◆ HOW TO COMPLETE THIS TASK
In the entries below, find the line with "#6 flat transport robot [192,682,271,758]" and print exactly every line from there up to and including the line with "#8 person [377,255,440,452]", with no other lines.

◆ EXERCISE MATERIALS
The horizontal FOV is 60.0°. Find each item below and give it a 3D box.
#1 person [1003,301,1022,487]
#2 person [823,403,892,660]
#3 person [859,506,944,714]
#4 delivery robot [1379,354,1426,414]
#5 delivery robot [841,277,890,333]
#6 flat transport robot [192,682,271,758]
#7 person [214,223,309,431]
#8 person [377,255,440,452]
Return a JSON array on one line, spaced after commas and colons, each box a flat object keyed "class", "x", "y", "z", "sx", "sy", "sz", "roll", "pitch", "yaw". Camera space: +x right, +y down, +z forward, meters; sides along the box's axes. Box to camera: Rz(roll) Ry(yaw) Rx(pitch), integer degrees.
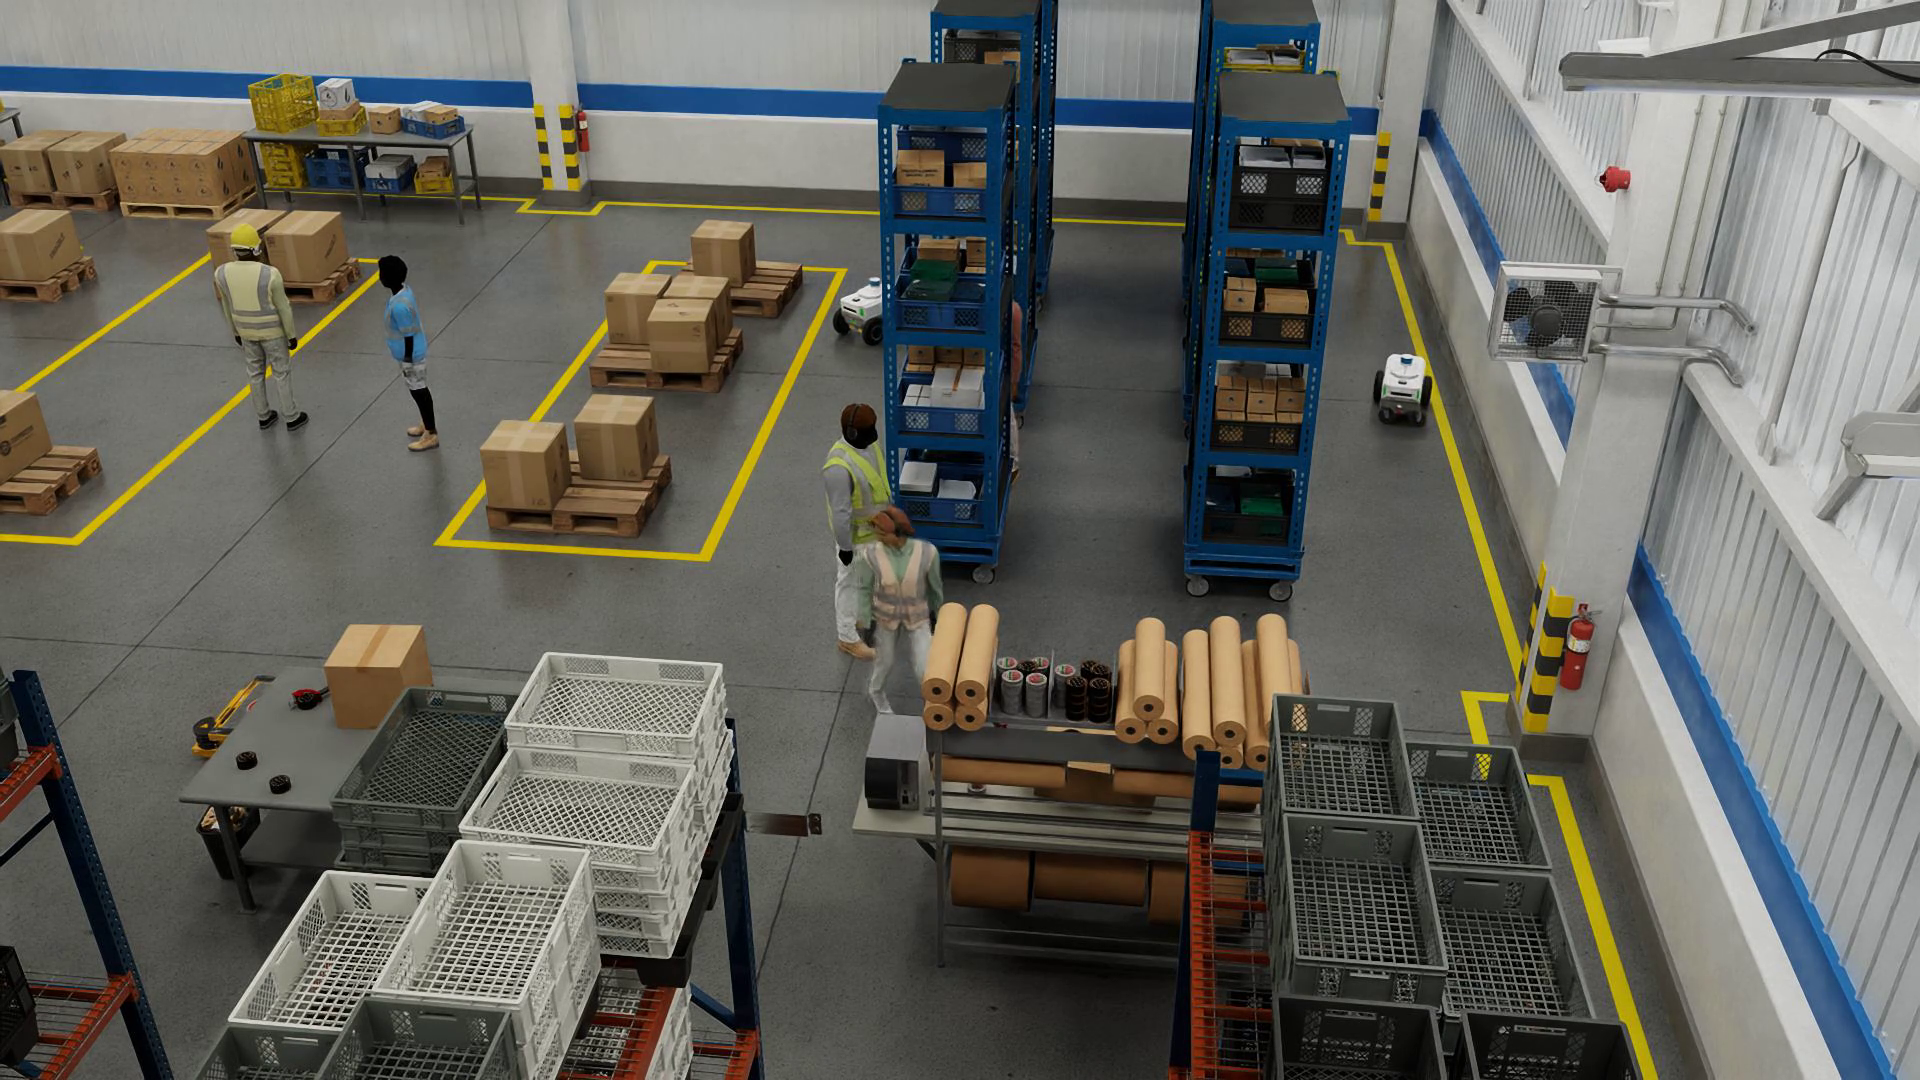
[{"class": "person", "x": 0.200, "y": -1.338, "z": 13.268, "sx": 0.634, "sy": 1.981, "sz": 0.435, "roll": 16, "pitch": 34, "yaw": 25}, {"class": "person", "x": -0.668, "y": -0.087, "z": 11.245, "sx": 0.429, "sy": 1.841, "sz": 0.634, "roll": 10, "pitch": 32, "yaw": 16}, {"class": "person", "x": -0.346, "y": 0.529, "z": 10.446, "sx": 0.571, "sy": 1.619, "sz": 0.540, "roll": 1, "pitch": 30, "yaw": 1}, {"class": "delivery robot", "x": 3.917, "y": -1.403, "z": 14.685, "sx": 0.477, "sy": 0.478, "sz": 0.707, "roll": 9, "pitch": 31, "yaw": 15}, {"class": "delivery robot", "x": -0.822, "y": -2.326, "z": 16.271, "sx": 0.477, "sy": 0.478, "sz": 0.707, "roll": 25, "pitch": 39, "yaw": 36}, {"class": "flat transport robot", "x": -4.089, "y": 1.163, "z": 10.648, "sx": 1.431, "sy": 0.197, "sz": 0.652, "roll": 3, "pitch": 30, "yaw": 6}, {"class": "person", "x": -5.959, "y": -1.809, "z": 14.224, "sx": 0.595, "sy": 1.824, "sz": 0.404, "roll": 3, "pitch": 30, "yaw": 6}, {"class": "person", "x": -4.625, "y": -1.569, "z": 13.935, "sx": 0.317, "sy": 1.694, "sz": 0.555, "roll": -9, "pitch": 31, "yaw": -14}]
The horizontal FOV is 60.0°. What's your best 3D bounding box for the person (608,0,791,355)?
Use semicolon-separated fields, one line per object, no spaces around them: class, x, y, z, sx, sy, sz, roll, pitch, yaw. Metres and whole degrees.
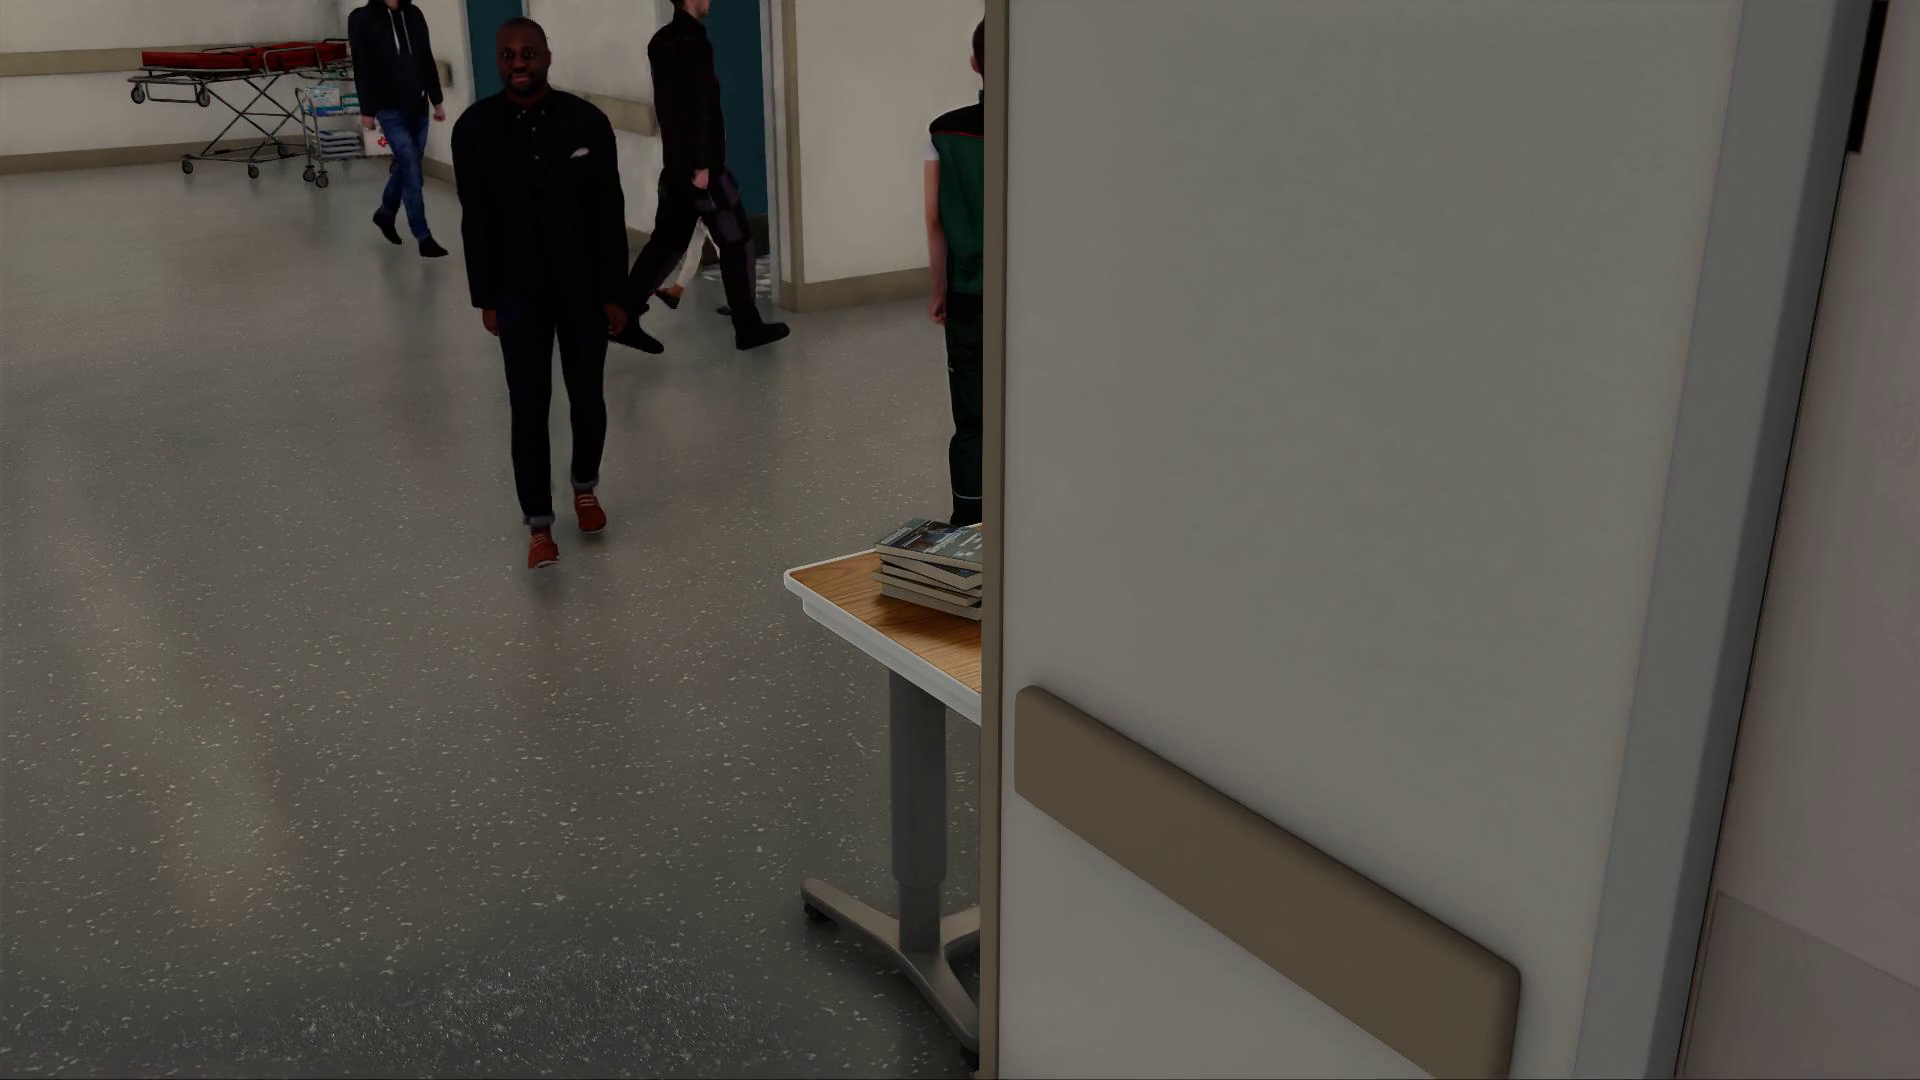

◆ WRITTEN SOLUTION
#6 flat transport robot [192,682,271,758]
#7 person [214,223,309,431]
#8 person [377,255,440,452]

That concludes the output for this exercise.